• **YOUR OBJECTIVE**
Only one span of the material below is wanted. Output it exactly, from the line with "Do the same for the leather shoes (271,371,284,386)." through the line with "#10 potted plant [184, 656, 232, 717]", without any pictures.

======

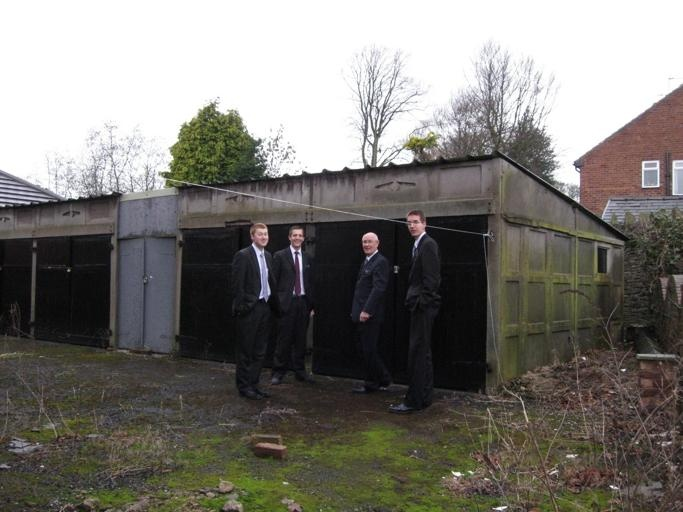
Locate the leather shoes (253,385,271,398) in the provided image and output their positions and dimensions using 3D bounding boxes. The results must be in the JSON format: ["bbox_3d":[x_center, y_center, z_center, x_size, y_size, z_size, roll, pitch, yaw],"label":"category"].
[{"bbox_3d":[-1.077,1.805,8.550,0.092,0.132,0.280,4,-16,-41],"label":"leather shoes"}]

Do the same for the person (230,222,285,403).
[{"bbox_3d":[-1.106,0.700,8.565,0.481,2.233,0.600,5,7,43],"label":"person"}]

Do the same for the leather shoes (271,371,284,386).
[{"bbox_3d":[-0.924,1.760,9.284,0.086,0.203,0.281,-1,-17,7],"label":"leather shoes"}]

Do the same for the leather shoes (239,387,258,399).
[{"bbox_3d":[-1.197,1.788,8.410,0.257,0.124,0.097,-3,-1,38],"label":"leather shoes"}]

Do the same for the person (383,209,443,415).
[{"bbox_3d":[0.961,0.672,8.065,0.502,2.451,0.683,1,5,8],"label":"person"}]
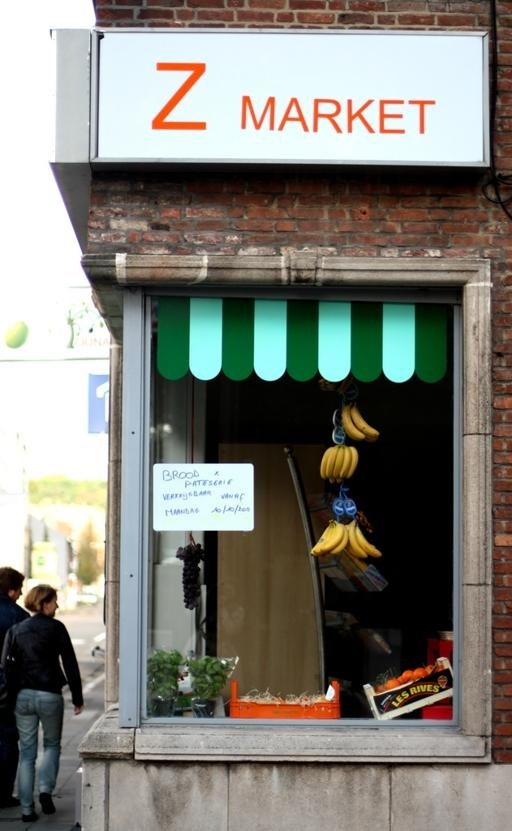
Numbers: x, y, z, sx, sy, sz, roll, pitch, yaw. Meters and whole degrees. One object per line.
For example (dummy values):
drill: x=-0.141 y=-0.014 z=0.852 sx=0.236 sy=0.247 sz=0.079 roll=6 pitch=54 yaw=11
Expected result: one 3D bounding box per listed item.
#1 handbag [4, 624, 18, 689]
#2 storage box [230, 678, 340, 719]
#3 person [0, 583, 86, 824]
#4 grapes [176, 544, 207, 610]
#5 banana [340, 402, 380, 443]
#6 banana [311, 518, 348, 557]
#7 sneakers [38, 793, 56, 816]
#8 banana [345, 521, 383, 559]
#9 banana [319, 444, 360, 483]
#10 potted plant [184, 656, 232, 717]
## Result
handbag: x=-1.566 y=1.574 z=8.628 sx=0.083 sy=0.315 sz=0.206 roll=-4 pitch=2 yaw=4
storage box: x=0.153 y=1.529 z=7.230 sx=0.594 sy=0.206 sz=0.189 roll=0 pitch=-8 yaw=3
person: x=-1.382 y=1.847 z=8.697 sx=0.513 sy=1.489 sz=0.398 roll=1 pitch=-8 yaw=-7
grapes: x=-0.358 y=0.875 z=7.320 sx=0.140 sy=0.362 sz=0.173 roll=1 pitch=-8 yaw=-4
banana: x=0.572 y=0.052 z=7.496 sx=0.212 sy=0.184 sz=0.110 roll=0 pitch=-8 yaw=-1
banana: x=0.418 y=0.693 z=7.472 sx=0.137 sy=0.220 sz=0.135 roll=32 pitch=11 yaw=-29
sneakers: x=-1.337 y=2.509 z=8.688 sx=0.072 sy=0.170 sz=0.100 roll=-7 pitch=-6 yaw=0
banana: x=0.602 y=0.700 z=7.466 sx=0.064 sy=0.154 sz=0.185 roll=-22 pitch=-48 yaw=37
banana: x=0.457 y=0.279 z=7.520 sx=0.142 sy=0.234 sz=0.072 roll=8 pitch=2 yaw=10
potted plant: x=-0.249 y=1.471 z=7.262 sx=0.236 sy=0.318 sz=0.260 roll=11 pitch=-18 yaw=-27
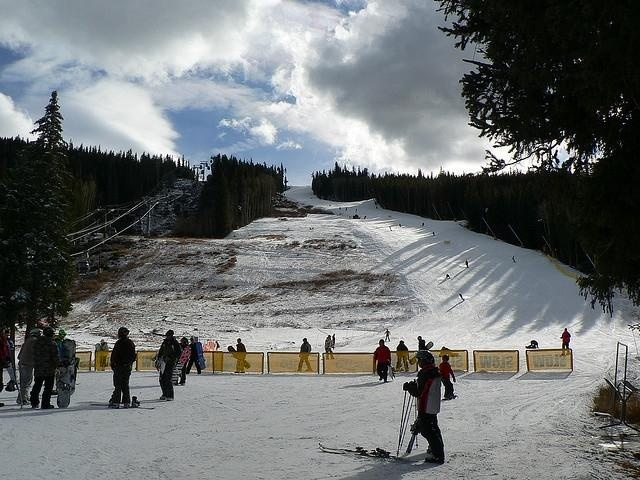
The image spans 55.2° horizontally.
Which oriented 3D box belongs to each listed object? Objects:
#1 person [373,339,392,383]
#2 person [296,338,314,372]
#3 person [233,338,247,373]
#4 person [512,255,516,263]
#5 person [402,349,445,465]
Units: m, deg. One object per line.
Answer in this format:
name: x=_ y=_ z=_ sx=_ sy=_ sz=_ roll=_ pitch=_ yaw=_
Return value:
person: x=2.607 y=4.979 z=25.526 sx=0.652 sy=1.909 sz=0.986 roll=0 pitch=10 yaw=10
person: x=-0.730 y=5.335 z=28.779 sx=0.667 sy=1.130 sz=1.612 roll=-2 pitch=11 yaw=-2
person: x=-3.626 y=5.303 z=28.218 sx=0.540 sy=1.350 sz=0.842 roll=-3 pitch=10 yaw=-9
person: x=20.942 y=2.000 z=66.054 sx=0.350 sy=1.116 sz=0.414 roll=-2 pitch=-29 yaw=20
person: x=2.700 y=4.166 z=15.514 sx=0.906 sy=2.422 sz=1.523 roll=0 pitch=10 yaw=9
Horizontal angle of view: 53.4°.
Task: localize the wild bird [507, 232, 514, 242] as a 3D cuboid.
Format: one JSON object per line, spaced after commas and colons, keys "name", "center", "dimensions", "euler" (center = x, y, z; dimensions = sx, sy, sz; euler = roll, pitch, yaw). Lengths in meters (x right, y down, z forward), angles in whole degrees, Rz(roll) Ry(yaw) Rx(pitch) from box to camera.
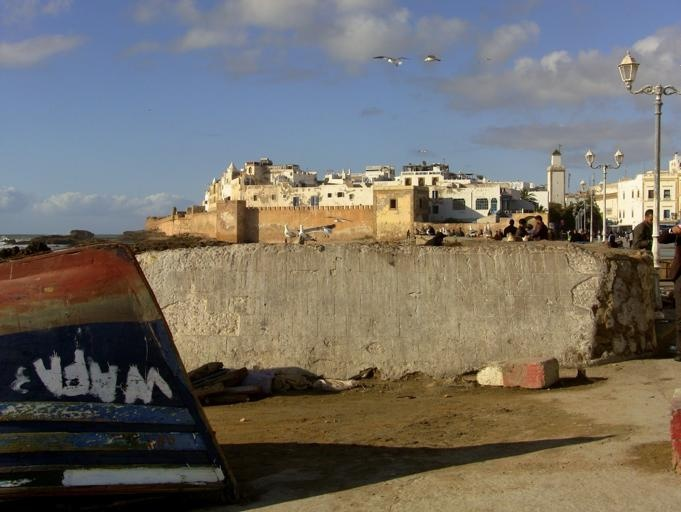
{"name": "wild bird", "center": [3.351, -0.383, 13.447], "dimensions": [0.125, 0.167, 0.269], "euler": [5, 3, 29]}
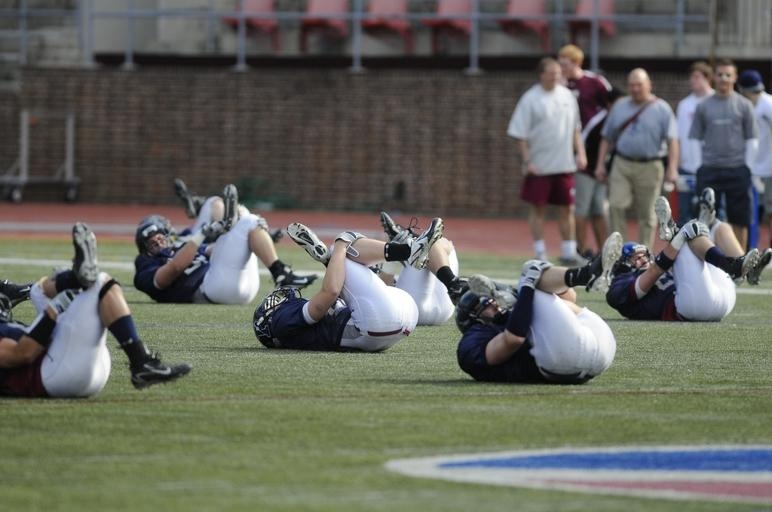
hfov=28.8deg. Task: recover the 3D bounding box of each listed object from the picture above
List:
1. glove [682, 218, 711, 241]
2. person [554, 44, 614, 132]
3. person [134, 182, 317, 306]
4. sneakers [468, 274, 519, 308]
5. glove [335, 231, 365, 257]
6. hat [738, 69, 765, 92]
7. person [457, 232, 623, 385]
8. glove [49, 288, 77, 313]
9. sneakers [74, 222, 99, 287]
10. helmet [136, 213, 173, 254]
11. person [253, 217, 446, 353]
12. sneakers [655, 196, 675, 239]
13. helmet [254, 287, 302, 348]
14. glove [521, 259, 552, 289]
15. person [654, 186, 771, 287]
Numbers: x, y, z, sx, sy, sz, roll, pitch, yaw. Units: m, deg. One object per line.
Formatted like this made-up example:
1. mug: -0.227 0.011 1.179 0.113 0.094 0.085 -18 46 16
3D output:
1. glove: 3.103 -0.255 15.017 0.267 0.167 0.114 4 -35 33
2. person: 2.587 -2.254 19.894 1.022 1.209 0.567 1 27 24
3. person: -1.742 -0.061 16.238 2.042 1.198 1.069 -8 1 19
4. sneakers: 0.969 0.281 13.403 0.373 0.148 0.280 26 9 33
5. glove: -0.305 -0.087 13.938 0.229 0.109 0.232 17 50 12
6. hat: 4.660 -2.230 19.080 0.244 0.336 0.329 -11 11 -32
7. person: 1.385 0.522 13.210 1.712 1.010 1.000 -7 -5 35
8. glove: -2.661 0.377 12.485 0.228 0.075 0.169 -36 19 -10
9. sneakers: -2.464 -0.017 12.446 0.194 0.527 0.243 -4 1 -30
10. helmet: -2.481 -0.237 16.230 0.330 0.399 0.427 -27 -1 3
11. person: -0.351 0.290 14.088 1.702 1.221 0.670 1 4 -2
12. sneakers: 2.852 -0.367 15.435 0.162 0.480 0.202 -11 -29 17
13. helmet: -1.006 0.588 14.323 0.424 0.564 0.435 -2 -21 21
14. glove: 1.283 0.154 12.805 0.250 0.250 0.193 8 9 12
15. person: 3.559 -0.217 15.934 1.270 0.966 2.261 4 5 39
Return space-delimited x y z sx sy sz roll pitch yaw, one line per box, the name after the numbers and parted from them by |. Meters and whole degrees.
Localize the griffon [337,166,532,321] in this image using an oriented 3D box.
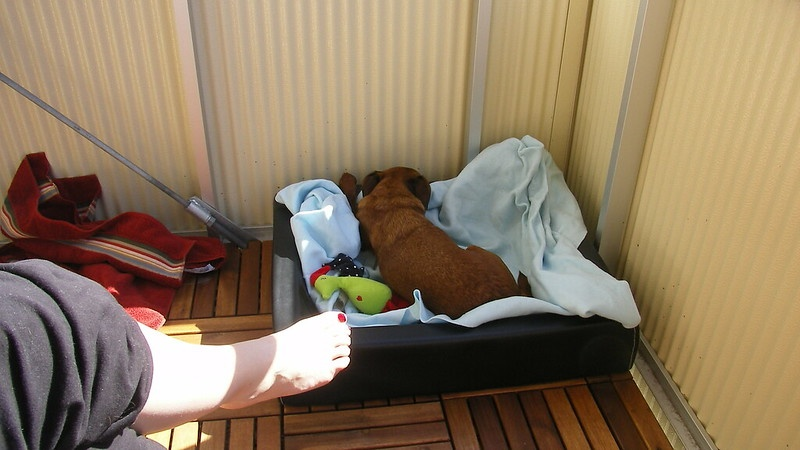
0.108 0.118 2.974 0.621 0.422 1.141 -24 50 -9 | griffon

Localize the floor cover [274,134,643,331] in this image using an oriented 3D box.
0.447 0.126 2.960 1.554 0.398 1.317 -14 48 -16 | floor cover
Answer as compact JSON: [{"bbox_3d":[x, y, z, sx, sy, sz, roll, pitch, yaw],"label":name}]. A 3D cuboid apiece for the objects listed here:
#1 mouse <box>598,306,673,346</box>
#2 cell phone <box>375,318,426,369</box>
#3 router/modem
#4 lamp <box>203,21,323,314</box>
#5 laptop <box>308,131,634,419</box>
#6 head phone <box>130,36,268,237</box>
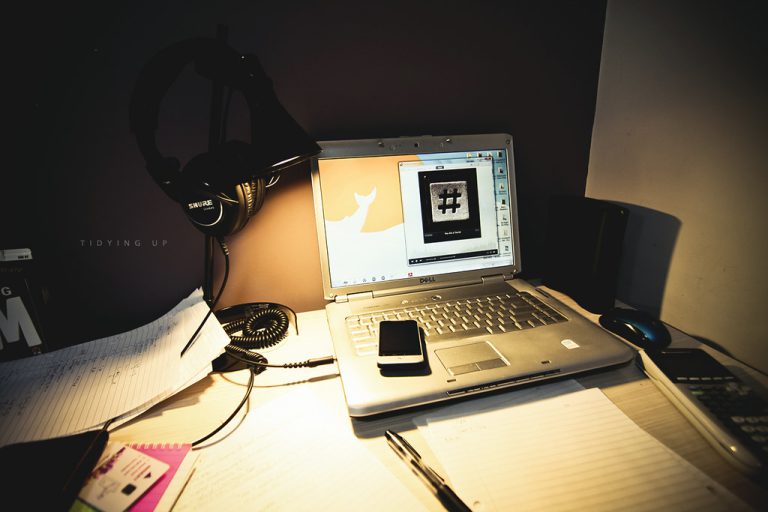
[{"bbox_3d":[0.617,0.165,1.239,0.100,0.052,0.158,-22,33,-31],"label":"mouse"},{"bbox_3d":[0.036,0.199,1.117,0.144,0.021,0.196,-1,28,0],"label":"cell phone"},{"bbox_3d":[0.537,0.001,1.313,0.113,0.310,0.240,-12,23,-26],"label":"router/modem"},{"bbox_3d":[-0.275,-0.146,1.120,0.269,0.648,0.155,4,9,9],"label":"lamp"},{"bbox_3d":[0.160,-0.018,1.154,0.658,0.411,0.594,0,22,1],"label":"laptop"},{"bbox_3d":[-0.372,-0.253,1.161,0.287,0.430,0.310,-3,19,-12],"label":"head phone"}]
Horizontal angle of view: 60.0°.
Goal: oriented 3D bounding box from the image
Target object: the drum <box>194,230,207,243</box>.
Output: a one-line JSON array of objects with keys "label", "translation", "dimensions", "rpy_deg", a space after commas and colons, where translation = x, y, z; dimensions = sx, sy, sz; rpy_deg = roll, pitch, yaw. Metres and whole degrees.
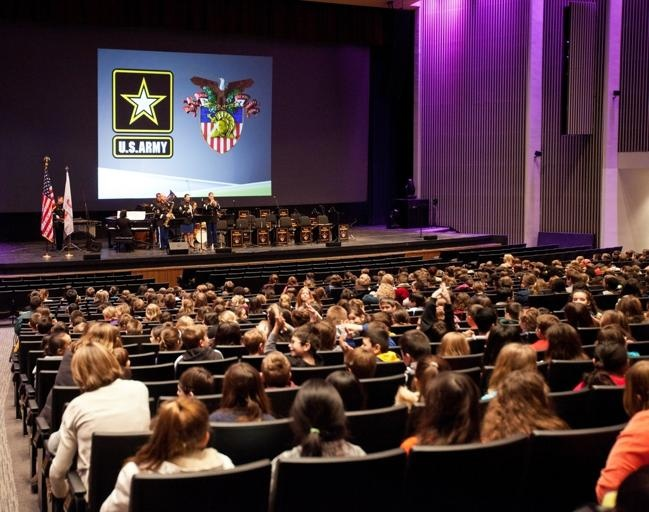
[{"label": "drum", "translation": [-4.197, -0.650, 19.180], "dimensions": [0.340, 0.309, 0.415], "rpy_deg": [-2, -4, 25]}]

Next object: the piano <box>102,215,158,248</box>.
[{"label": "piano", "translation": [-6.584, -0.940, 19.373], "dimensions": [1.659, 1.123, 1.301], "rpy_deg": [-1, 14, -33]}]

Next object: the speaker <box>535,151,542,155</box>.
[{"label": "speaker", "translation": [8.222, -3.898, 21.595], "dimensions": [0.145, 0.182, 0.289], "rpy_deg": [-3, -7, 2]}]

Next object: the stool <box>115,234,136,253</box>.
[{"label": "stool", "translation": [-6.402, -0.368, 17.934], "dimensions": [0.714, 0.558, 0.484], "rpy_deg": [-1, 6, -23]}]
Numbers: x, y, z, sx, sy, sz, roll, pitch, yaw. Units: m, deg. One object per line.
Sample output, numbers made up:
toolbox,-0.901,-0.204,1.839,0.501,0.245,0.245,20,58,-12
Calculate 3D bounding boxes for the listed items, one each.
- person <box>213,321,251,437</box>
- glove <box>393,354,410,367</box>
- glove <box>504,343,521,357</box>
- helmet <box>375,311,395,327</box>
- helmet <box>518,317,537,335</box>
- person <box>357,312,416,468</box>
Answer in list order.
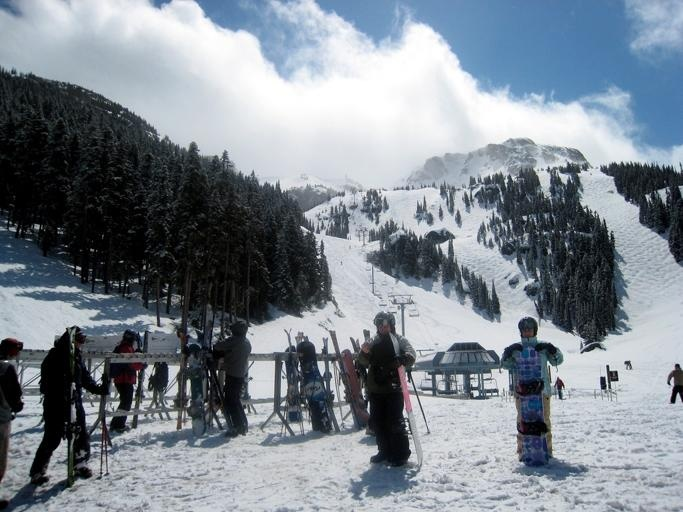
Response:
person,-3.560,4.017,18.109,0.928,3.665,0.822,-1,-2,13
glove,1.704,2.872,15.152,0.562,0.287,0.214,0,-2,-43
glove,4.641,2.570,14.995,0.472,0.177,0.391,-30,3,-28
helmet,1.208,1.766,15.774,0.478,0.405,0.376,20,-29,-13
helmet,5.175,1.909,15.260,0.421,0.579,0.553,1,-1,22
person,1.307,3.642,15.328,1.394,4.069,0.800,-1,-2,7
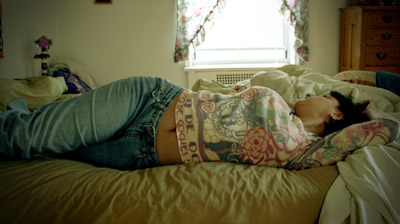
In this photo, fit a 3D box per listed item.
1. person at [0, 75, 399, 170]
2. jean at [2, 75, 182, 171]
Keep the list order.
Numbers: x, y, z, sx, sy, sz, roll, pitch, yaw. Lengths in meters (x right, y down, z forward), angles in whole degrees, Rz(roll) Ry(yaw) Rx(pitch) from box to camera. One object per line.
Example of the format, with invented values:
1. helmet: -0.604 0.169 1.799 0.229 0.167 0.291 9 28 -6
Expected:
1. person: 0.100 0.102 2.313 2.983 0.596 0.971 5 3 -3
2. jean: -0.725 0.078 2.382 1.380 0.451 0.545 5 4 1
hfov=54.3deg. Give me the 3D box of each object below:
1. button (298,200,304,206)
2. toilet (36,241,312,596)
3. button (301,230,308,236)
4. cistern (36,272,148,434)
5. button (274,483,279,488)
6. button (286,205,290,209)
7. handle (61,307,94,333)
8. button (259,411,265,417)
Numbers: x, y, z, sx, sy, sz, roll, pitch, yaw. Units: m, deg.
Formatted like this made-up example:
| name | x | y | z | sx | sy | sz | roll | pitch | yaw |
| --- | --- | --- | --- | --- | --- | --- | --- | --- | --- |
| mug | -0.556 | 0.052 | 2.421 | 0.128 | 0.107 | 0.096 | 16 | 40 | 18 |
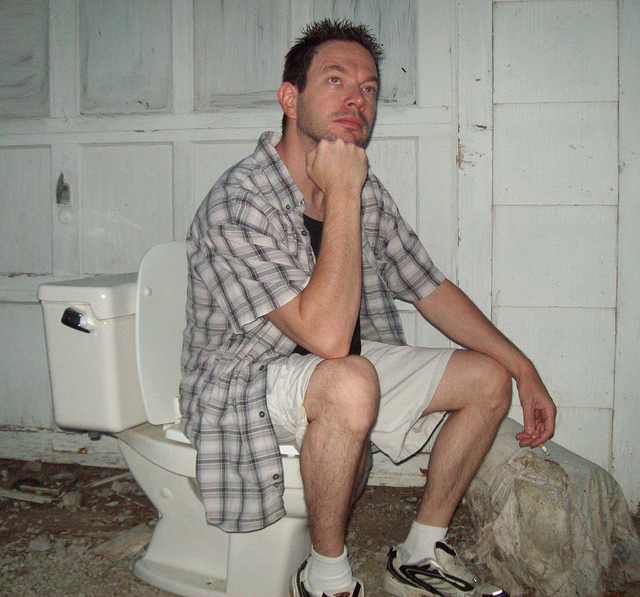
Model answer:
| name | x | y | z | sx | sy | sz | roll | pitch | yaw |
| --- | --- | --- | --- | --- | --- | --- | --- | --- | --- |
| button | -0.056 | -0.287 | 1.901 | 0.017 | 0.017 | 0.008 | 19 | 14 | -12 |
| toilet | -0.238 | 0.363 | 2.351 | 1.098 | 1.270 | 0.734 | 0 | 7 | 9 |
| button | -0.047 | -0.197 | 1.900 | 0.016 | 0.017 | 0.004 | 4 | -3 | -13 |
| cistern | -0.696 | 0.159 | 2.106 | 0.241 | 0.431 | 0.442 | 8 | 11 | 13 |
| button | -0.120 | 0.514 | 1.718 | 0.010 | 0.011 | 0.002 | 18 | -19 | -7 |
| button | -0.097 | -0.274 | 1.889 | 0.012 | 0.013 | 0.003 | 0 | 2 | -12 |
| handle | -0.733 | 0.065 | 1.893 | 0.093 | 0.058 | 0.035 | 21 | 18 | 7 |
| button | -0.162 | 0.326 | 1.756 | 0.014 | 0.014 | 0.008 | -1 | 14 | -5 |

======

• **TASK SOLUTION**
Do the same for the leather shoes (271,371,284,386).
[{"bbox_3d":[-0.924,1.760,9.284,0.086,0.203,0.281,-1,-17,7],"label":"leather shoes"}]

Do the same for the leather shoes (239,387,258,399).
[{"bbox_3d":[-1.197,1.788,8.410,0.257,0.124,0.097,-3,-1,38],"label":"leather shoes"}]

Do the same for the person (383,209,443,415).
[{"bbox_3d":[0.961,0.672,8.065,0.502,2.451,0.683,1,5,8],"label":"person"}]
Numbers: x, y, z, sx, sy, sz, roll, pitch, yaw. Meters and whole degrees. One object per line.
For example (dummy values):
drill: x=-0.141 y=-0.014 z=0.852 sx=0.236 sy=0.247 sz=0.079 roll=6 pitch=54 yaw=11
Expected result: one 3D bounding box per listed item.
#1 handbag [4, 624, 18, 689]
#2 storage box [230, 678, 340, 719]
#3 person [0, 583, 86, 824]
#4 grapes [176, 544, 207, 610]
#5 banana [340, 402, 380, 443]
#6 banana [311, 518, 348, 557]
#7 sneakers [38, 793, 56, 816]
#8 banana [345, 521, 383, 559]
#9 banana [319, 444, 360, 483]
#10 potted plant [184, 656, 232, 717]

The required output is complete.